Beautiful Ruins (migrated from Bookblogger)

Beautiful Ruins by Jess Walter

What a beautiful book, written so beautifully!  When a stunning American actress arrives at a tiny pension on a tinier island off the coast of Italy, Pasquale, the owner of the pension, cannot believe his luck.  Not only does he believe his father’s dream of their hotel becoming a hot spot for Americans may actually materialize, but he is also entranced by the beauty of this American.  As it happens, the American actress, Dee, of course has a story as does the naive but sincere Pasquale, but their lives are forever bound by this chance encounter.  The story is told in parts, bouncing back and forth between the time they meet in Italy, in 1962, and today, when Pasquale searches for her in America.  It also bounces from each of their stories to other characters that are woven into their tale, but it all works to keep the story moving and engaging.

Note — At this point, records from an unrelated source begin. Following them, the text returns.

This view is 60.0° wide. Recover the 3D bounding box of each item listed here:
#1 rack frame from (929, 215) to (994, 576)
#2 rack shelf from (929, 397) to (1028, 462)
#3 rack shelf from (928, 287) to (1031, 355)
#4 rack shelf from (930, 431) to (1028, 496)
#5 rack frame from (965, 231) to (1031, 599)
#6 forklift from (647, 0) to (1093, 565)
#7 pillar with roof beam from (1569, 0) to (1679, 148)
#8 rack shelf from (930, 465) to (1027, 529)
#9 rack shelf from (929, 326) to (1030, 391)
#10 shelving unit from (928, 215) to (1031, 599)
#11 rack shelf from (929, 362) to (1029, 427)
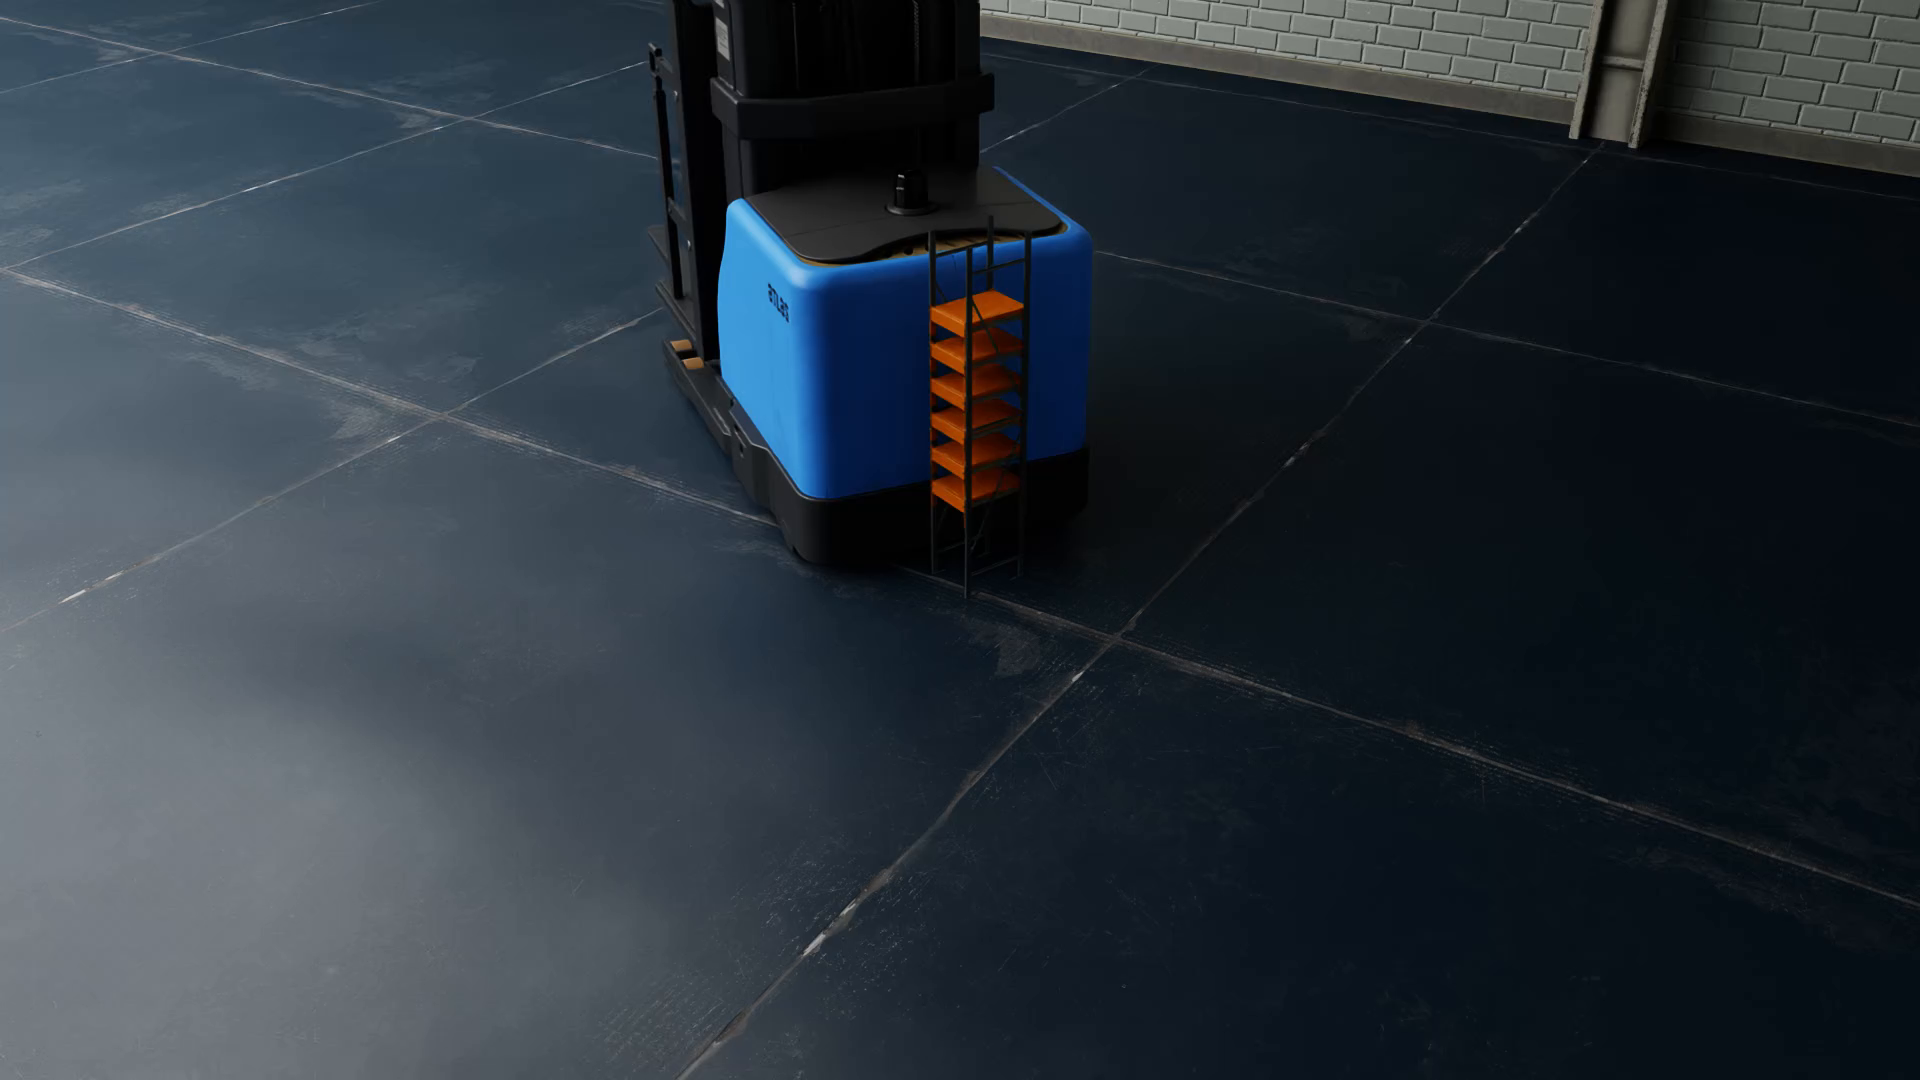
[{"bbox_3d":[0.005,-0.436,5.307,0.240,1.200,0.006,-21,36,-31],"label":"rack frame"},{"bbox_3d":[0.060,-0.361,5.266,0.258,0.103,0.180,-21,36,-31],"label":"rack shelf"},{"bbox_3d":[0.060,-0.672,5.084,0.258,0.103,0.180,-21,36,-31],"label":"rack shelf"},{"bbox_3d":[0.060,-0.257,5.326,0.258,0.103,0.180,-21,36,-31],"label":"rack shelf"},{"bbox_3d":[0.114,-0.362,5.180,0.240,1.200,0.006,-21,36,-31],"label":"rack frame"},{"bbox_3d":[-0.584,-1.911,6.116,1.130,2.935,3.031,-12,32,-19],"label":"forklift"},{"bbox_3d":[1.555,-4.437,4.426,0.400,9.000,9.100,18,35,27],"label":"pillar with roof beam"},{"bbox_3d":[0.060,-0.154,5.387,0.258,0.103,0.180,-21,36,-31],"label":"rack shelf"},{"bbox_3d":[0.060,-0.568,5.145,0.258,0.103,0.180,-21,36,-31],"label":"rack shelf"},{"bbox_3d":[0.060,-0.399,5.244,0.258,1.200,0.189,-21,36,-31],"label":"shelving unit"},{"bbox_3d":[0.060,-0.464,5.205,0.258,0.103,0.180,-21,36,-31],"label":"rack shelf"}]
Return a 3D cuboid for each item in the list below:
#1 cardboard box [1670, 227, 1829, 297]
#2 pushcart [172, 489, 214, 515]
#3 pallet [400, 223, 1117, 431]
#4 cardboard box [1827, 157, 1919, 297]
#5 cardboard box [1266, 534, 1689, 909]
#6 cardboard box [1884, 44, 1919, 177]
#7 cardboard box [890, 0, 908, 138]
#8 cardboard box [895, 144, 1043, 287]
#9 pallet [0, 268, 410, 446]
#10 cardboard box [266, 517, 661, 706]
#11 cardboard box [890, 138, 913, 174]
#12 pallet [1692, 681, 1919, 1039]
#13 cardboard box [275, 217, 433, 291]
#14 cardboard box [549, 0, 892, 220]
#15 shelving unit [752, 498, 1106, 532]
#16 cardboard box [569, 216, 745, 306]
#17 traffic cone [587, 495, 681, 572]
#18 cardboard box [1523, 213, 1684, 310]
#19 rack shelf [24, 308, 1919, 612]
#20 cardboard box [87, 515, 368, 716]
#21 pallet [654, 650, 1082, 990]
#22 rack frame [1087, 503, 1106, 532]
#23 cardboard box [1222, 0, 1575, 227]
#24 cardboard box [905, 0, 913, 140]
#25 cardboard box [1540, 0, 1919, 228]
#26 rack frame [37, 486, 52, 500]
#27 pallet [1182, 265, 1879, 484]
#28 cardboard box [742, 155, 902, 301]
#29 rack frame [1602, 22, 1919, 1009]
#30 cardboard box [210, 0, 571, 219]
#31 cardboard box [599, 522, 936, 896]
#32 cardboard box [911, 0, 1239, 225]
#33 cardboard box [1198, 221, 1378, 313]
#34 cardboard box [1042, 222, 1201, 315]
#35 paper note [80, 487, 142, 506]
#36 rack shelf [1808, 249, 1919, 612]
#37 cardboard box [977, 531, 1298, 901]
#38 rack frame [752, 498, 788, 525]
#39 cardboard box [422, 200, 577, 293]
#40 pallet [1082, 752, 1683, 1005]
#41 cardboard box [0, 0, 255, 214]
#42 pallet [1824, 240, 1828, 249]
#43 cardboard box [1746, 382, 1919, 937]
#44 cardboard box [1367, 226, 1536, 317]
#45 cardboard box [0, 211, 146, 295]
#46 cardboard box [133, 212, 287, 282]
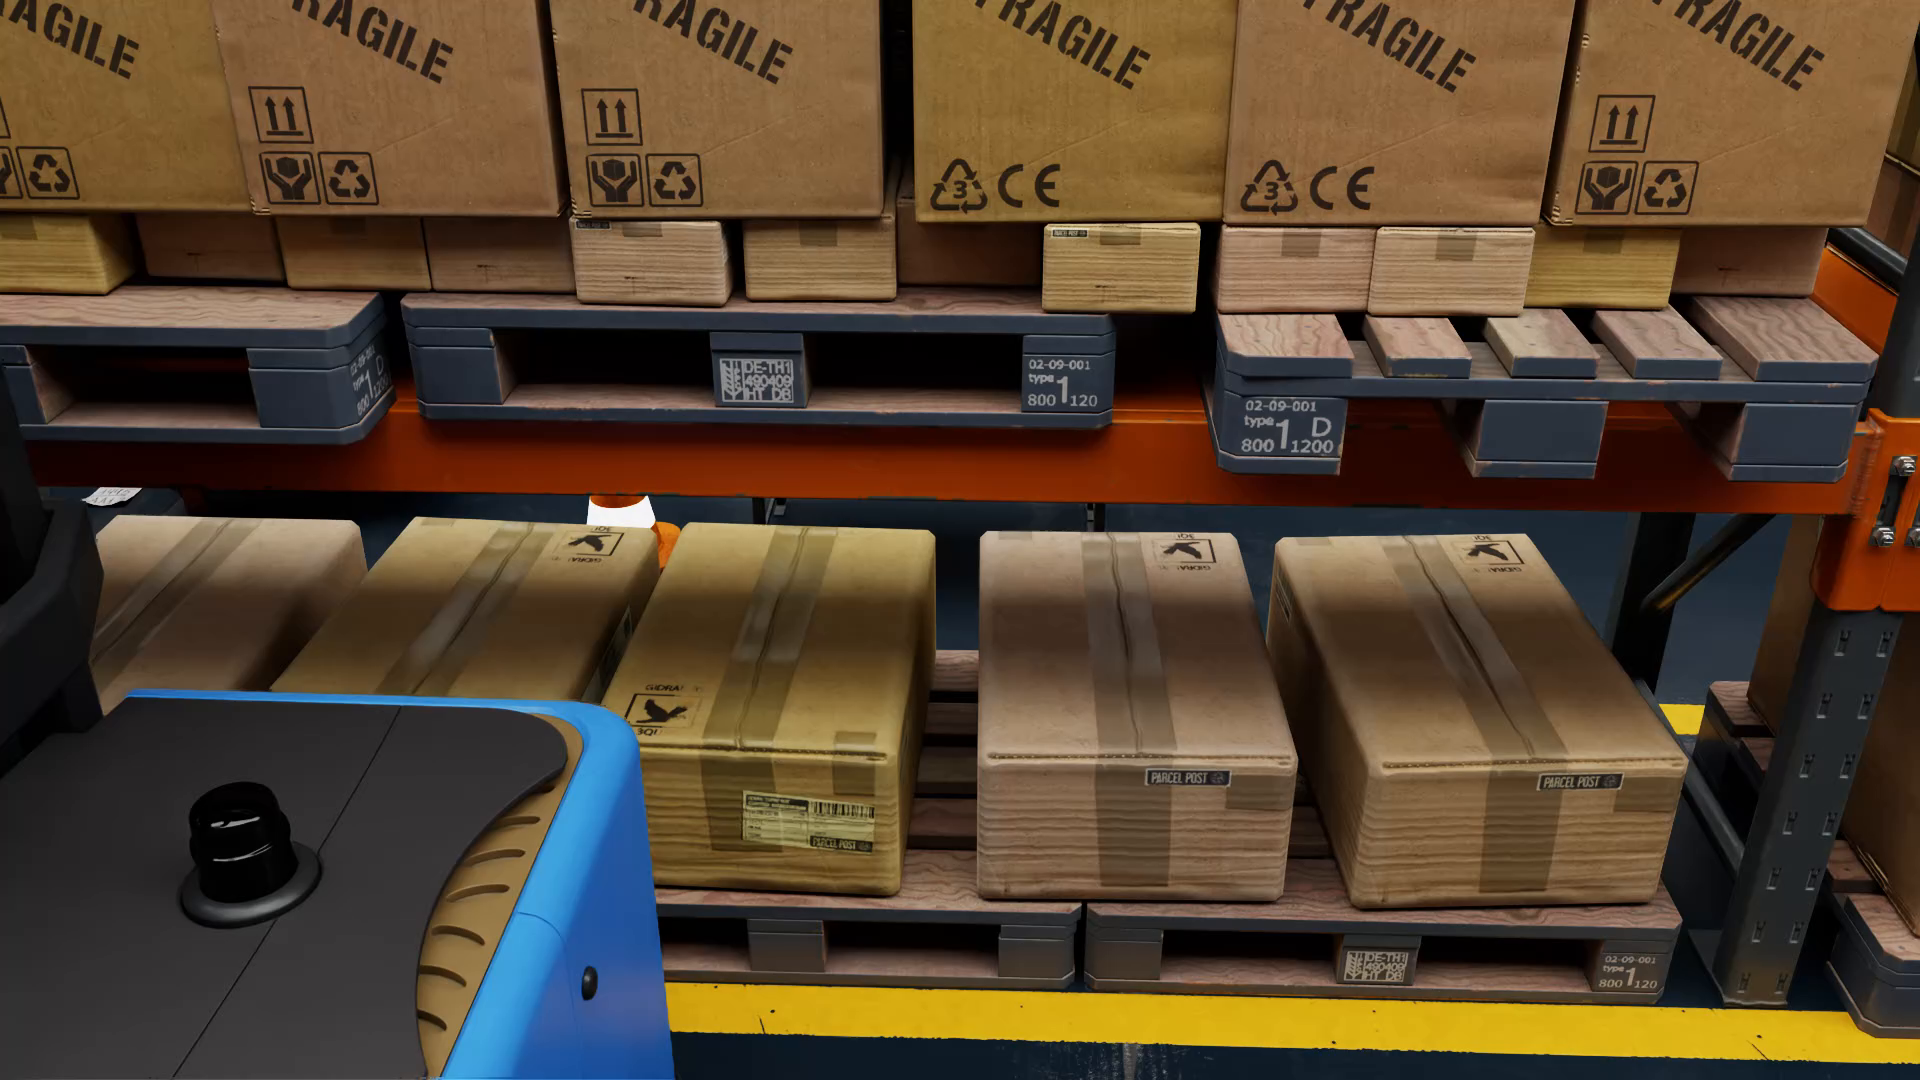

The characters in this book are distinctive and each has a unique voice.  Each of them has been affected in some way by the 2nd world war and this shadows over some of their personalities.  In addition, the stories and the language of 1962 in the tiny village contrast so strikingly with those of the fast-paced action of the contemporary parts — and both are written with wit and an almost poetic rhythm.  I loved the writing in this book.

And it is one of the few books that give resolution and don’t leave you hanging at the end.  Thank you, Mr. Walter!